§ Task brief
Scan the records below and copy every line that contains the string "xscale".

§ Supplied material
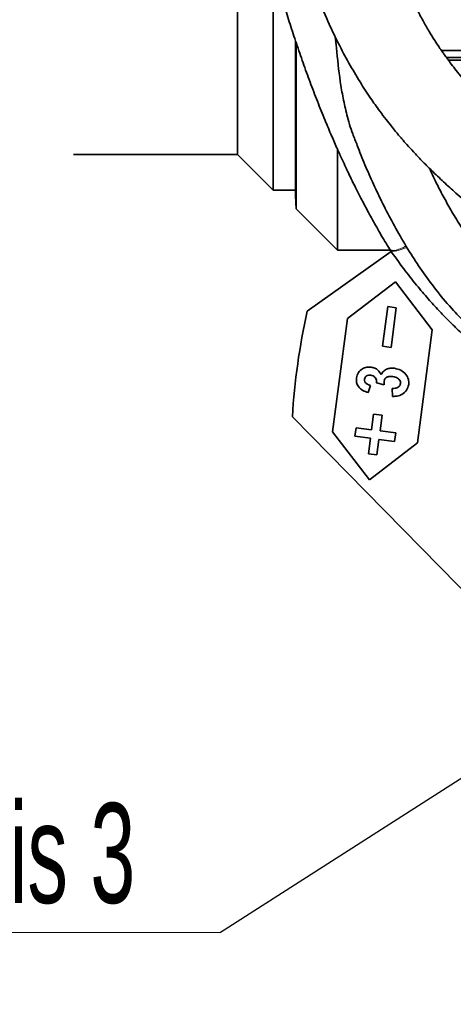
# Model space of a CAD drawing. Header units: millimetres. Extents: x 0 to 12429, y 0 to 8400.
# Tile 48 of 133: x 1307 to 1611, y 6184 to 6873. Entities that reach past the tile are written whole.
import ezdxf

# ---------------------------------------------------------------- set-up
doc = ezdxf.new("R2010")
doc.units = ezdxf.units.MM
doc.header["$LTSCALE"] = 20
doc.styles.add('SLDTEXTSTYLE0', font='TXT', dxfattribs={"width": 0.605})
doc.dimstyles.new('SLDDIMSTYLE12', dxfattribs={"dimtxt": 70, "dimasz": 70, "dimexe": 0, "dimexo": 0.0625, "dimgap": 17.5, "dimtad": 0, "dimtih": 1, "dimtoh": 1, "dimdec": 1, "dimlfac": 0.5, "dimrnd": 1e-09, "dimzin": 12, "dimdsep": 46, "dimtxsty": 'SLDTEXTSTYLE0', "dimblk1": 'NONE', "dimsah": 1, "dimcen": 0, "dimadec": 0, "dimazin": 3, "dimtfac": 1, "dimtmove": 0, "dimatfit": 3, "dimldrblk": 'NONE', "dimfxl": 1, "dimfrac": 2, "dimtolj": 1, "dimtzin": 12, "dimarcsym": 0})
doc.dimstyles.new('SLDDIMSTYLE5', dxfattribs={"dimtxt": 0.18, "dimasz": 70, "dimexe": 0, "dimexo": 0.0625, "dimgap": 0, "dimtad": 0, "dimtih": 1, "dimtoh": 1, "dimdec": 0, "dimrnd": 1e-09, "dimzin": 0, "dimdsep": 46, "dimtxsty": 'Standard', "dimsah": 1, "dimcen": 0.09, "dimadec": 0, "dimazin": 0, "dimtfac": 70, "dimtdec": 0, "dimtofl": 0, "dimtmove": 0, "dimatfit": 3, "dimfxl": 1, "dimfrac": 2, "dimtolj": 1, "dimtzin": 0, "dimarcsym": 0})

# ---------------------------------------------------------------- blocks, each defined once
blk = doc.blocks.new('SW_SYMBOL_HOLE_DEPTH')
at = {"color": 0, "linetype": 'Continuous', "lineweight": 18}
for p, q in [((0, 17500), (16000, 17500)), ((8000, 17500), (8000, 1500)), ((2000, 11100), (8000, 1500)), ((14000, 11100), (8000, 1500))]:
    blk.add_line(p, q, dxfattribs=at)
blk = doc.blocks.new('_D_79')
at = {"color": 7, "linetype": 'Continuous', "lineweight": 0}
for p, q in [((1755.41, 6374.62), (1740.11, 6351.17)), ((1740.11, 6351.17), (1514.73, 6005.59)), ((1514.73, 6005.59), (938.97, 6005.59))]:
    blk.add_line(p, q, dxfattribs=at)
at = {"color": 7, "linetype": 'Continuous', "lineweight": 18}
blk.add_solid([(1740.11, 6351.17), (1693.49, 6298), (1710.25, 6287.08)], dxfattribs=at)
at = {"color": 7, "linetype": 'Continuous', "lineweight": 18, "xscale": 0.004511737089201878, "yscale": 0.004511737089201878, "zscale": 0.004511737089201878}
blk.add_blockref('SW_SYMBOL_HOLE_DEPTH', (1281.1, 6015.71), dxfattribs=at)
at = {"color": 7, "linetype": 'Continuous', "lineweight": 18, "char_height": 70, "attachment_point": 1, "style": 'SLDTEXTSTYLE0'}
for s, insert in [('2x M12', (938.97, 6096.02)), ('19', (1377.79, 6096.02))]:
    blk.add_mtext(s, dxfattribs=dict(at, insert=insert))
blk = doc.blocks.new('_None')
blk = doc.blocks.new('SW_SYMBOL_MOD_CL')
at = {"color": 0, "linetype": 'Continuous', "lineweight": 0, "char_height": 15515, "attachment_point": 5, "style": 'SLDTEXTSTYLE0'}
for s, insert in [('C', (8000, 12000)), ('L', (12000, 6000))]:
    blk.add_mtext(s, dxfattribs=dict(at, insert=insert))
blk = doc.blocks.new('SW_NOTE_0_14')
at = {"color": 0, "linetype": 'Continuous', "lineweight": 0}
for p, q in [((-331.11, 0), (0, 0)), ((0, 0), (-331.11, 0)), ((-331.11, 0), (0, 0)), ((0, 0), (-331.11, 0)), ((-331.11, 0), (0, 0)), ((0, 0), (-331.11, 0))]:
    blk.add_line(p, q, dxfattribs=at)
at = {"color": 0, "linetype": 'Continuous', "lineweight": 0, "xscale": 0.004511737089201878, "yscale": 0.004511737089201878, "zscale": 0.004511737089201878}
blk.add_blockref('SW_SYMBOL_MOD_CL', (-330.84, 10.55), dxfattribs=at)
at = {"color": 0, "linetype": 'Continuous', "lineweight": 0, "insert": (-213.78, 90.67), "char_height": 70, "attachment_point": 1, "style": 'SLDTEXTSTYLE0'}
blk.add_mtext('Axis 3', dxfattribs=at)

msp = doc.modelspace()

# ---------------------------------------------------------------- linework, layer by layer
at = {"color": 7, "linetype": 'Continuous', "lineweight": 35}
for p, q in [((1459.757279, 7025.831951), (1459.757279, 6778.898014)), ((1484.757277, 6753.897919), (1484.757277, 6911.746635)), ((1500.383834, 6749.942555), (1500.383834, 6858.551754)), ((1500.863402, 6857.095732), (1500.863402, 6740.791811)), ((1705.157283, 6851.897968), (1602.570924, 6851.897968)), ((1606.100152, 6846.897973), (1705.157283, 6846.897973)), ((1705.157283, 6845.010413), (1607.48412, 6845.010413)), ((1529.757279, 6782.587542), (1529.757279, 6711.897983)), ((1344.988647, 6778.898014), (1459.757279, 6778.898014)), ((1459.757279, 6778.898014), (1484.757277, 6753.897919)), ((1484.757277, 6753.897919), (1500.383838, 6753.897919)), ((1500.383834, 6749.942555), (1500.863402, 6740.791811)), ((1500.863402, 6740.791811), (1529.757279, 6711.897983)), ((1566.297087, 6712.791456), (1566.626028, 6712.222947)), ((1567.45104, 6711.075558), (1508.620554, 6669.112219)), ((1529.757279, 6711.897983), (1566.857821, 6711.897983)), ((1536.742587, 6663.987292), (1570.40172, 6689.81482)), ((1570.40172, 6689.81482), (1596.22928, 6656.155719)), ((1561.42318, 6644.599928), (1565.077913, 6672.360434)), ((1565.077913, 6672.360434), (1571.026581, 6671.577229)), ((1571.026581, 6671.577229), (1567.371848, 6643.816842)), ((1526.300492, 6584.671749), (1536.742587, 6663.987292)), ((1596.22928, 6656.155719), (1585.787184, 6576.840176)), ((1567.371848, 6643.816842), (1561.42318, 6644.599928)), ((1553.034062, 6617.227091), (1551.277961, 6612.16916)), ((1562.62518, 6617.599024), (1557.110311, 6618.948235)), ((1568.313613, 6609.502687), (1568.226135, 6615.047111)), ((1553.722134, 6586.104764), (1555.157923, 6597.010626)), ((1555.157923, 6597.010626), (1561.106591, 6596.227421)), ((1561.106591, 6596.227421), (1559.670803, 6585.321559)), ((1666.373896, 6423.974408), (1498.225736, 6595.08325)), ((1552.128052, 6551.01253), (1526.300492, 6584.671749)), ((1542.033083, 6581.591858), (1542.816241, 6587.540521)), ((1552.938977, 6580.156101), (1542.033083, 6581.591858)), ((1542.816241, 6587.540521), (1553.722134, 6586.104764)), ((1559.670803, 6585.321559), (1570.576697, 6583.885802)), ((1570.576697, 6583.885802), (1569.79354, 6577.93714)), ((1551.503189, 6569.25012), (1552.938977, 6580.156101)), ((1585.787184, 6576.840176), (1552.128052, 6551.01253)), ((1558.887647, 6579.372896), (1557.451858, 6568.467035)), ((1569.79354, 6577.93714), (1558.887647, 6579.372896)), ((1557.451858, 6568.467035), (1551.503189, 6569.25012))]:
    msp.add_line(p, q, dxfattribs=at)
at = {"color": 8, "linetype": 'Continuous', "lineweight": 18}
for p, q in [((1566.312346, 6712.801589), (1566.579335, 6712.419285)), ((1566.685862, 6712.246908), (1566.794372, 6712.064041))]:
    msp.add_line(p, q, dxfattribs=at)
at = {"color": 8, "linetype": 'Continuous', "lineweight": 18, "flags": 128}
msp.add_lwpolyline([(1570.238537, 6711.346401), (1570.166799, 6711.471333), (1570.095136, 6711.596145)], dxfattribs=at)
at = {"color": 7, "linetype": 'Continuous', "lineweight": 35}
msp.add_arc((1967.757484, 6566.89798), 470.376946, 167.449335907, 176.564744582, dxfattribs=at)
for points, knots in [([(1464.550684, 7259.624376), (1463.951184, 7258.418378), (1462.026512, 7254.546568), (1459.245744, 7247.516593), (1456.360757, 7238.46137), (1453.993186, 7228.806007), (1452.039516, 7218.391307), (1450.42492, 7206.740524), (1449.149316, 7193.355577), (1448.299628, 7178.16074), (1447.957408, 7161.515046), (1448.143832, 7143.884129), (1448.731207, 7128.447502), (1449.477307, 7115.404831), (1450.216241, 7104.900074), (1451.079199, 7094.505718), (1452.003469, 7084.770777), (1452.852088, 7076.712947), (1453.554781, 7070.49409), (1454.092618, 7065.951246), (1454.548969, 7062.231213), (1455.009574, 7058.578824), (1455.631547, 7053.793412), (1456.539924, 7047.099987), (1457.790241, 7038.393275), (1459.294801, 7028.562678), (1460.959174, 7018.353091), (1462.679378, 7008.390598), (1465.16761, 6994.714889), (1468.561667, 6977.449764), (1472.370563, 6959.860637), (1475.632611, 6945.789723), (1478.20724, 6935.174129), (1480.725292, 6925.232492), (1483.013571, 6916.539081), (1485.043158, 6909.068641), (1487.073138, 6901.797703), (1489.5403, 6893.215489), (1492.720569, 6882.558243), (1496.617247, 6870.083658), (1500.991258, 6856.760441), (1505.667761, 6843.21734), (1510.575015, 6829.703032), (1515.717164, 6816.237551), (1520.770999, 6803.658395), (1525.454258, 6792.535223), (1529.450374, 6783.41073), (1532.801164, 6776.010267), (1535.314416, 6770.606701), (1537.438978, 6766.122393), (1539.661186, 6761.507956), (1542.652581, 6755.436118), (1546.452593, 6747.949527), (1551.105834, 6739.102505), (1556.690318, 6728.979768), (1561.811511, 6720.037546), (1565.212623, 6714.563812), (1566.308917, 6712.799443)], [0, 0, 0, 0, 0.00709620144, 0.02278209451, 0.03977362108, 0.0571515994, 0.07513521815, 0.0955943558, 0.11911569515, 0.14597314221, 0.17577640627, 0.20683940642, 0.23887911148, 0.25717549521, 0.27568408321, 0.29437362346, 0.31214007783, 0.32721613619, 0.33707203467, 0.34512138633, 0.35132370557, 0.3568232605, 0.36452164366, 0.37675452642, 0.39242019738, 0.41087552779, 0.42916344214, 0.44693342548, 0.46415327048, 0.50241590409, 0.53965453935, 0.55898916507, 0.57853411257, 0.59721876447, 0.61303439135, 0.62590769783, 0.63801417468, 0.6528167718, 0.67296654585, 0.69662311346, 0.72168736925, 0.74686312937, 0.77212646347, 0.79745342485, 0.82281987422, 0.84356397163, 0.86105316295, 0.87531306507, 0.8863744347, 0.89245855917, 0.90146306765, 0.91336487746, 0.92812857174, 0.94570720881, 0.96604022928, 0.98905362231, 1, 1, 1, 1]), ([(1705.157283, 6755.845441), (1704.809578, 6756.080116), (1698.635696, 6760.247033), (1686.688318, 6768.989547), (1669.274486, 6782.37094), (1654.408263, 6794.94906), (1642.139625, 6806.229404), (1632.718632, 6815.520265), (1624.374019, 6824.378903), (1617.911366, 6831.776995), (1613.141422, 6837.599897), (1609.722847, 6841.988354), (1607.012214, 6845.619448), (1604.900017, 6848.547311), (1602.974186, 6851.290243), (1600.669466, 6854.667324), (1597.605973, 6859.346368), (1593.796409, 6865.511336), (1589.605546, 6872.799879), (1585.313575, 6880.900383), (1579.663766, 6892.526802), (1573.032086, 6908.222764), (1566.948344, 6925.515244), (1562.265158, 6940.859385), (1558.912112, 6953.07987), (1556.154834, 6964.139884), (1553.992627, 6973.555549), (1552.330515, 6981.331216), (1551.070247, 6987.637967), (1549.974927, 6993.466973), (1548.854801, 6999.859201), (1547.615467, 7007.645416), (1546.391953, 7016.385057), (1545.293818, 7025.493434), (1543.97017, 7038.27612), (1542.660578, 7054.487444), (1541.532939, 7071.468099), (1540.657312, 7085.341425), (1539.963352, 7096.33275), (1539.225236, 7107.627453), (1538.393774, 7119.81076), (1537.418859, 7133.29971), (1536.217081, 7148.579604), (1534.755446, 7164.97335), (1532.88906, 7181.44653), (1530.844443, 7196.527061), (1528.798581, 7209.935647), (1526.910557, 7221.664638), (1525.535287, 7230.315706), (1524.719374, 7236.132152), (1524.301928, 7239.444366), (1524.025249, 7241.876267), (1523.830579, 7243.782044), (1523.668525, 7245.559654), (1523.531143, 7247.494473), (1523.450663, 7249.308656), (1523.479125, 7250.514647), (1523.491638, 7251.072223), (1523.49347, 7251.15384)], [0, 0, 0, 0, 0.00227727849, 0.0404356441, 0.08033530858, 0.12148806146, 0.14609782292, 0.17079878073, 0.19330201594, 0.21214978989, 0.22411440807, 0.23416077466, 0.24234632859, 0.24871207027, 0.25375907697, 0.26054031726, 0.27090699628, 0.28411767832, 0.29987699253, 0.31654018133, 0.33387408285, 0.37003852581, 0.4089700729, 0.43333558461, 0.45712009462, 0.47775512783, 0.49521086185, 0.50956324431, 0.52091932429, 0.53012451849, 0.54176062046, 0.55614863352, 0.57292374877, 0.58966525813, 0.60595093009, 0.64268578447, 0.67794955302, 0.69833755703, 0.71815014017, 0.73773732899, 0.75978419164, 0.78444382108, 0.81115580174, 0.84299060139, 0.87378892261, 0.90114701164, 0.92560279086, 0.94742081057, 0.96564100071, 0.9731548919, 0.97930479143, 0.98376387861, 0.98644181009, 0.98970453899, 0.99345338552, 0.99697225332, 0.99955680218, 1, 1, 1, 1]), ([(1495.873376, 6958.564295), (1496.70332, 6954.593939), (1498.402454, 6946.465475), (1501.41368, 6934.173179), (1505.253572, 6920.227667), (1510.181493, 6904.687246), (1516.505941, 6887.530594), (1523.33747, 6871.480783), (1530.496401, 6856.56694), (1537.708125, 6843.026287), (1545.228597, 6830.292226), (1552.50977, 6819.086935), (1558.667587, 6810.356473), (1563.598019, 6803.787728), (1567.302982, 6799.068044), (1570.234104, 6795.463562), (1572.678435, 6792.532553), (1575.286025, 6789.471789), (1578.712452, 6785.555932), (1583.304276, 6780.493016), (1589.086085, 6774.387888), (1596.105132, 6767.337717), (1604.125148, 6759.704683), (1616.703325, 6748.35159), (1633.796476, 6734.13092), (1656.484407, 6716.908206), (1680.439525, 6700.126956), (1704.476082, 6684.390235), (1720.436442, 6674.950548), (1727.81952, 6670.583858)], [0, 0, 0, 0, 0.0317639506, 0.0650299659, 0.0990927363, 0.1450276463, 0.1926608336, 0.2422398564, 0.2815729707, 0.3221838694, 0.3623469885, 0.3973528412, 0.4268081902, 0.4459971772, 0.46166888, 0.4737952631, 0.4823794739, 0.4915570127, 0.5052843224, 0.523127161, 0.5450819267, 0.5711285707, 0.6010291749, 0.6317785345, 0.7038129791, 0.7750786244, 0.8547963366, 0.9328304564, 1, 1, 1, 1]), ([(1528.192074, 6861.60387), (1528.471272, 6858.950094), (1529.573835, 6848.47023), (1531.066763, 6834.030537), (1533.682344, 6818.410895), (1536.487944, 6806.133688), (1539.712196, 6795.032373), (1542.567252, 6788.038307), (1543.670643, 6785.335316)], [0, 0, 0, 0, 0.1024480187, 0.4045712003, 0.5570887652, 0.7100975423, 0.8879616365, 1, 1, 1, 1]), ([(1543.627058, 6785.31815), (1544.469806, 6783.097058), (1547.060713, 6776.268637), (1551.935712, 6764.939723), (1558.192039, 6751.232435), (1565.061968, 6737.467653), (1572.72411, 6723.324311), (1580.983779, 6709.454897), (1590.033444, 6695.783228), (1599.846491, 6682.561951), (1610.100725, 6670.51678), (1620.557451, 6659.816167), (1630.961467, 6650.598288), (1641.04045, 6642.820867), (1647.946845, 6638.649323), (1650.795321, 6636.92881)], [0, 0, 0, 0, 0.0382605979, 0.1176266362, 0.1985794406, 0.2809333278, 0.3653537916, 0.4576131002, 0.5408395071, 0.6293304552, 0.722650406, 0.7954035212, 0.8701139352, 0.9464297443, 1, 1, 1, 1]), ([(1660.909633, 6678.223385), (1658.062205, 6680.407358), (1651.843278, 6685.177264), (1643.314777, 6693.537897), (1634.267916, 6703.598214), (1625.633697, 6714.691856), (1617.598679, 6726.389491), (1610.894375, 6737.210277), (1605.148159, 6747.343049), (1599.570622, 6757.83681), (1596.129665, 6765.221914), (1594.245496, 6769.265784)], [0, 0, 0, 0, 0.0944087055, 0.206193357, 0.3137428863, 0.4505195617, 0.5759176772, 0.6872253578, 0.7855378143, 0.8825666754, 1, 1, 1, 1]), ([(1566.534801, 6712.345733), (1569.723423, 6707.837574), (1575.719192, 6699.360592), (1584.77528, 6687.882404), (1593.003453, 6678.172162), (1600.344624, 6670.091671), (1606.967886, 6663.21841), (1612.676008, 6657.603519), (1617.2678, 6653.2877), (1620.704861, 6650.159112), (1624.36872, 6646.903063), (1629.218825, 6642.73559), (1636.251187, 6636.987401), (1645.131954, 6630.19342), (1655.502238, 6622.901253), (1666.182845, 6616.050296), (1676.232409, 6610.156951), (1685.733919, 6605.027409), (1695.454868, 6600.188487), (1706.306999, 6595.261114), (1720.150613, 6589.627146), (1737.015111, 6583.771423), (1756.849626, 6578.119104), (1770.671471, 6575.3202), (1777.757275, 6573.885335)], [0, 0, 0, 0, 0.06382594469, 0.12001603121, 0.16895471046, 0.21094136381, 0.2462028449, 0.27928933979, 0.30349439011, 0.31904933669, 0.33301860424, 0.36015889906, 0.39296876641, 0.43800814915, 0.48939326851, 0.53948242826, 0.58465745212, 0.62404339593, 0.66428874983, 0.71016757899, 0.76179523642, 0.83702073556, 0.9164482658, 1, 1, 1, 1]), ([(1570.094245, 6711.596026), (1569.307372, 6711.493035), (1568.139775, 6711.340213), (1567.125192, 6711.886056), (1566.794363, 6712.064041)], [0, 0, 0, 0, 0.6739259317, 1, 1, 1, 1]), ([(1543.106606, 6622.458471), (1543.421227, 6623.773963), (1544.05008, 6626.403318), (1547.079337, 6628.824468), (1550.287883, 6630.089542), (1552.389374, 6630.013317), (1553.439894, 6629.975213)], [0, 0, 0, 0, 0.2795598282, 0.5587737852, 0.779434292, 1, 1, 1, 1]), ([(1553.439894, 6629.975213), (1554.275467, 6629.803083), (1555.945757, 6629.458998), (1558.572006, 6627.772934), (1559.710742, 6625.882345), (1560.406038, 6624.727978)], [0, 0, 0, 0, 0.28047921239, 0.56067069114, 1, 1, 1, 1]), ([(1553.107875, 6624.24828), (1552.566269, 6624.291079), (1551.485615, 6624.376477), (1550.038157, 6623.823751), (1549.019097, 6622.805054), (1548.827482, 6621.96763), (1548.731644, 6621.548785)], [0, 0, 0, 0, 0.2806217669, 0.5599181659, 0.7798895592, 1, 1, 1, 1]), ([(1556.394643, 6622.543229), (1555.871472, 6623.041129), (1554.93421, 6623.933118), (1553.667513, 6624.151706), (1553.107875, 6624.24828)], [0, 0, 0, 0, 0.5581910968, 1, 1, 1, 1]), ([(1560.406038, 6624.727978), (1560.925666, 6625.633989), (1561.966218, 6627.448272), (1564.608126, 6628.856006), (1567.229873, 6629.374342), (1568.854282, 6629.240893), (1569.666988, 6629.174127)], [0, 0, 0, 0, 0.2790725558, 0.5588414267, 0.7792846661, 1, 1, 1, 1]), ([(1568.560398, 6623.435511), (1567.843282, 6623.493786), (1566.411441, 6623.610142), (1564.464388, 6623.049184), (1562.93042, 6621.887083), (1562.613341, 6620.78729), (1562.455171, 6620.238675)], [0, 0, 0, 0, 0.28090010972, 0.5608637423, 0.78094355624, 1, 1, 1, 1]), ([(1573.995701, 6618.515267), (1573.99933, 6619.02989), (1574.006599, 6620.0605), (1573.155111, 6621.392336), (1571.459076, 6622.84521), (1569.755187, 6623.192198), (1568.560398, 6623.435511)], [0, 0, 0, 0, 0.1865110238, 0.3735159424, 0.5607011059, 1, 1, 1, 1]), ([(1569.666988, 6629.174127), (1571.221822, 6628.837997), (1574.327592, 6628.16658), (1577.720597, 6625.184524), (1579.770623, 6621.564579), (1579.722619, 6619.062154), (1579.698629, 6617.811574)], [0, 0, 0, 0, 0.28035717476, 0.56001177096, 0.78011704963, 1, 1, 1, 1]), ([(1551.277961, 6612.16916), (1549.99255, 6612.610873), (1547.42934, 6613.491684), (1544.425823, 6615.95996), (1542.948242, 6619.246341), (1543.053783, 6621.38705), (1543.106606, 6622.458471)], [0, 0, 0, 0, 0.2809016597, 0.5601400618, 0.7798508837, 1, 1, 1, 1]), ([(1548.731644, 6621.548785), (1548.769073, 6620.912401), (1548.844202, 6619.635032), (1550.515166, 6617.925171), (1552.078345, 6617.491956), (1553.034062, 6617.227091)], [0, 0, 0, 0, 0.2784046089, 0.5588215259, 1, 1, 1, 1]), ([(1557.110311, 6618.948235), (1557.175769, 6619.664403), (1557.292611, 6620.94275), (1556.668923, 6622.054371), (1556.394643, 6622.543229)], [0, 0, 0, 0, 0.560229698, 1, 1, 1, 1]), ([(1562.455171, 6620.238675), (1562.429362, 6619.742062), (1562.383239, 6618.854559), (1562.551203, 6617.982925), (1562.62518, 6617.599024)], [0, 0, 0, 0, 0.5595623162, 1, 1, 1, 1]), ([(1568.226135, 6615.047111), (1568.92224, 6615.045062), (1570.311896, 6615.040972), (1572.157474, 6615.708273), (1573.558476, 6616.919312), (1573.850107, 6617.983822), (1573.995701, 6618.515267)], [0, 0, 0, 0, 0.2809331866, 0.5608355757, 0.7807521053, 1, 1, 1, 1]), ([(1579.698629, 6617.811574), (1579.328012, 6616.384925), (1578.586456, 6613.530384), (1575.318919, 6610.800845), (1571.757368, 6609.549668), (1569.462155, 6609.518356), (1568.313613, 6609.502687)], [0, 0, 0, 0, 0.279165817, 0.5585746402, 0.7791073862, 1, 1, 1, 1])]:
    msp.add_open_spline(points, degree=3, knots=knots, dxfattribs=at)
at = {"color": 8, "linetype": 'Continuous', "lineweight": 18}
for points, knots in [([(1570.088989, 6711.598171), (1570.213274, 6711.652892), (1571.703815, 6712.309145), (1574.453823, 6713.059753), (1576.830881, 6714.340915), (1577.8906, 6714.91207)], [0, 0, 0, 0, 0.047993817, 0.575585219, 1, 1, 1, 1]), ([(1578.408501, 6714.044942), (1577.301402, 6713.521049), (1575.383447, 6712.613448), (1572.603774, 6711.834284), (1570.982832, 6711.499929), (1570.238537, 6711.346401)], [0, 0, 0, 0, 0.4247633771, 0.7358660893, 1, 1, 1, 1]), ([(1566.579335, 6712.419285), (1566.613821, 6712.359229), (1566.682778, 6712.239141), (1566.752029, 6712.119221), (1566.786648, 6712.059273)], [0, 0, 0, 0, 0.5000965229, 1, 1, 1, 1])]:
    msp.add_open_spline(points, degree=3, knots=knots, dxfattribs=at)

# ---------------------------------------------------------------- block references
at = {"color": 7, "linetype": 'Continuous', "lineweight": 0}
msp.add_blockref('SW_NOTE_0_14', (1447.777778, 6233.888889), dxfattribs=at)

# ---------------------------------------------------------------- dimensions: what is measured, and where the dimension line sits
at = {"color": 7, "linetype": 'Continuous', "lineweight": 18}
dim = msp.add_diameter_dim_2p(p1=(1755.405057, 6374.624502), p2=(1740.1095, 6351.171444), text='2x M12 {\\fGDT;x}19', dimstyle='SLDDIMSTYLE12', override={"dimpost": '<>'}, dxfattribs=at)
dim.commit()
dim.dimension.update_dxf_attribs({"geometry": '_D_79', "text_midpoint": (1211.852644, 6059.405643), "dimtype": 163})

# ---------------------------------------------------------------- leaders
at = {"color": 7, "linetype": 'Continuous', "lineweight": 0}
msp.add_leader([(1967.757279, 6566.897973), (1447.777778, 6233.888889)], dimstyle='SLDDIMSTYLE5', dxfattribs=at)

doc.saveas('drawing.dxf')

§ Reply to the task
at = {"color": 7, "linetype": 'Continuous', "lineweight": 18, "xscale": 0.004511737089201878, "yscale": 0.004511737089201878, "zscale": 0.004511737089201878}
at = {"color": 0, "linetype": 'Continuous', "lineweight": 0, "xscale": 0.004511737089201878, "yscale": 0.004511737089201878, "zscale": 0.004511737089201878}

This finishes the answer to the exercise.